In ancient India, it was the part of Magadha. In 684BC Arrah was the part of the region ruled by Haryanka dynasty. During Chandragupta Maurya Arrah was the part of the great Magadh empire. The Pillars of Ashoka are found at the Masarh village in Arrah town. During 200 CE it was part of Gupta dynasty. Bhojpuri Folktales of Vikramaditya like Singhashan Battishi, Baital pachisi are still famous in the town and other Bhojpuri speaking area. It was also the part of Pala Empire and Chero empire. Bihiya and Tirawan were the capitals of Chief Ghughulia and Raja Sitaram Rai respectively.

Medieval

In 14th century Chero lost Western Bihar along with Arrah to Ujjainiya Rajputs under the leadership of Hunkar Shahi.

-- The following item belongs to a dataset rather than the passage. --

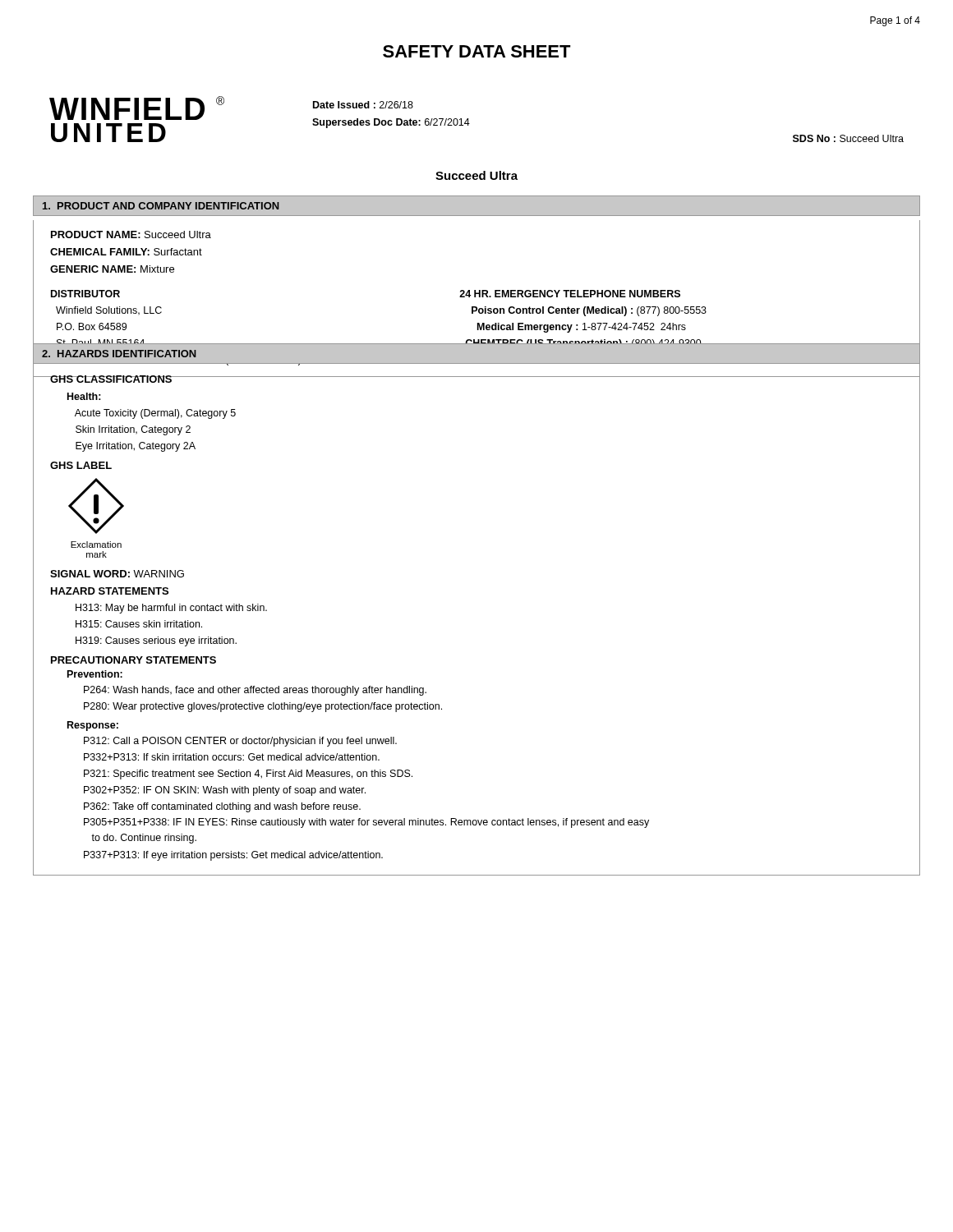
Task: Navigate to the block starting "PRECAUTIONARY STATEMENTS"
Action: [133, 660]

They named the territory "Bhojpur" on the name of their ancestor Raja Bhoja. In 1607, a number of Chero chiefs combined to launch a spirited attack against Ujjaniniyas. One of the descendants of Sitaram Rai, Kumkum Chand Jharap drove out Ujjainiyas from the Bhojpur region and captured major parts of the territory. In 1611, Ujjainiyas defeated Cheros and recaptured the lost region again. Sher Shah Suri also defeated Chero during the early 16 century and made Sasaram its capital after defeating the Mughals. In 1604 Chieftain Narayan Mal got a land grant from Jahangir. After that Raja Horil Singh shifted the capital to Dumrao and established Dumraon Raj. Babur pitches his camp in Arrah in 1529 A.D and took control over it.

Modern

After the Battle of Buxar the British took control over Arrah. Arrah was one of the centres of revolt in 1857.

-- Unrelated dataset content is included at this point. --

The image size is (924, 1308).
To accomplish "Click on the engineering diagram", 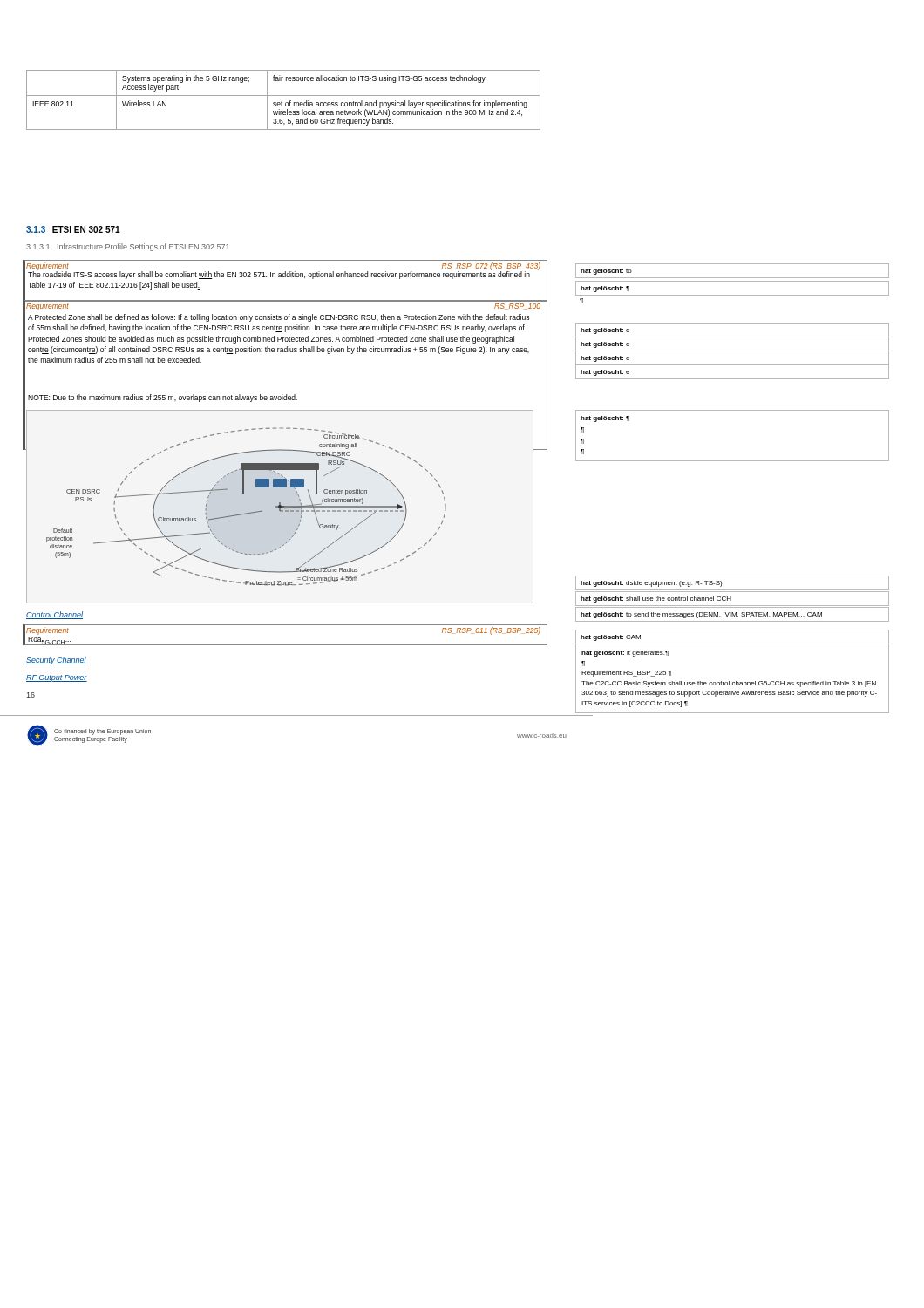I will point(280,507).

During the Indian rebellion of 1857, a group of 18 British civilians and 50 Indian soldiers was besieged in the Little House at Arrah, by a band of 2500–3000 armed soldiers and around 8000 others under the command of 80-year-old Veer Kunwar Singh, the Zamindar of adjacent Jagdishpur. A British regiment, dispatched to their assistance from Danapur, was repulsed, but the group withstood the siege for eight days until they were relieved by other East India Company troops.

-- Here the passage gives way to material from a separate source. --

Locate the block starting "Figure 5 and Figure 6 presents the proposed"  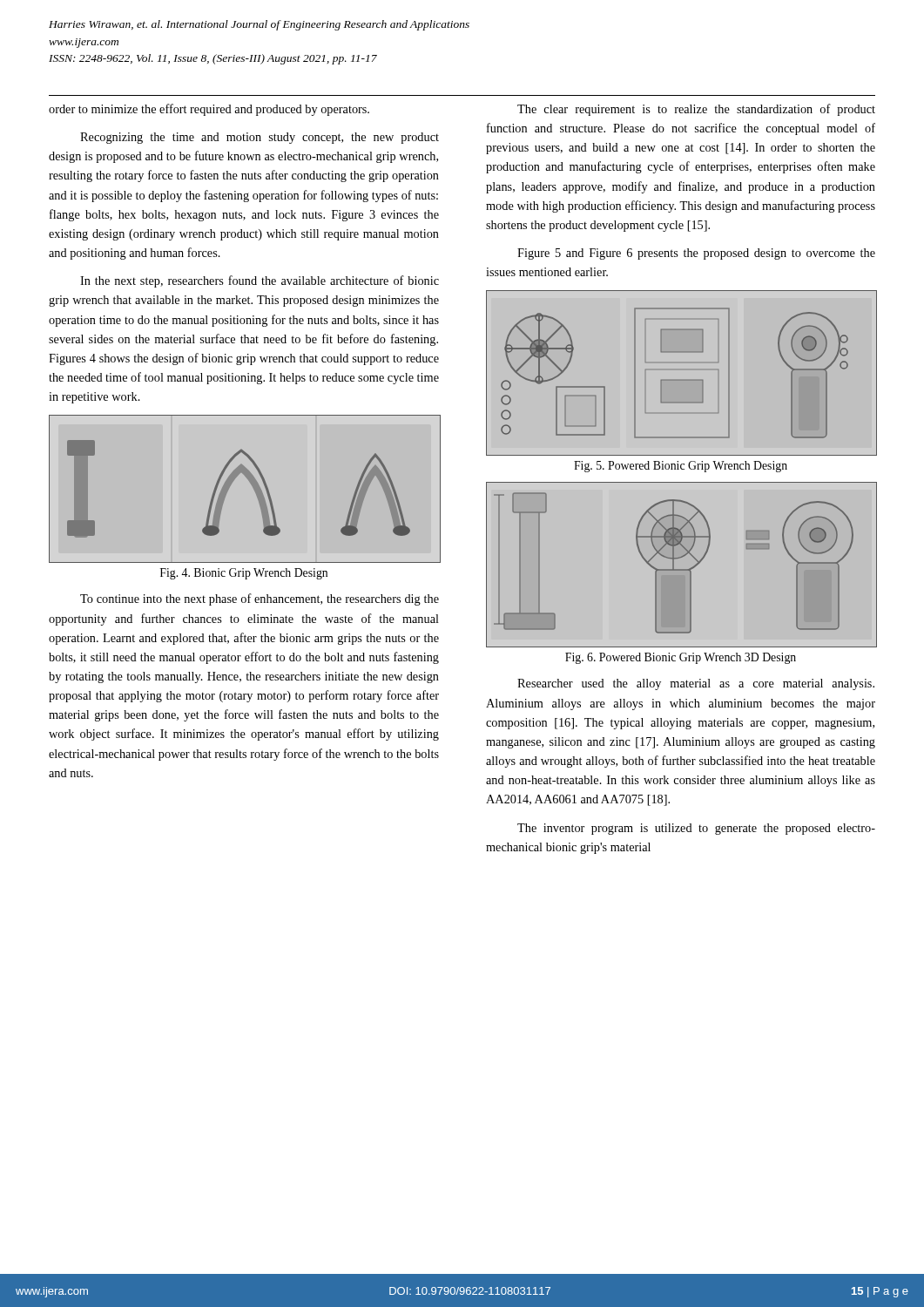click(681, 262)

In 1911 the king of England George V visited Arrah and prayed at the Holy Saviour Church. Between 1901 and 1911 the town suffered severely due to Plague. As a result, the population in 1911 became 38,549 which was 46,170 in 1901.

Geography 
Arrah is located at the elevation of 192 m from the sea level at the bank of Son river, Ganga River and Gangi River. Arrah lies at the confluence of the Ganga and the Son River, other small rivers that flow in the town are Gangi River, Badki Nadi and Chhotki Nadi.

The Ganga river acts as northern boundary of the town and due alluvial deposit the area is very fertile and considered as best wheat growing area of Bihar.The eastern boundary of the town is the Son river which separates and Bhojpuri and Magahi speaking regions of Bihar.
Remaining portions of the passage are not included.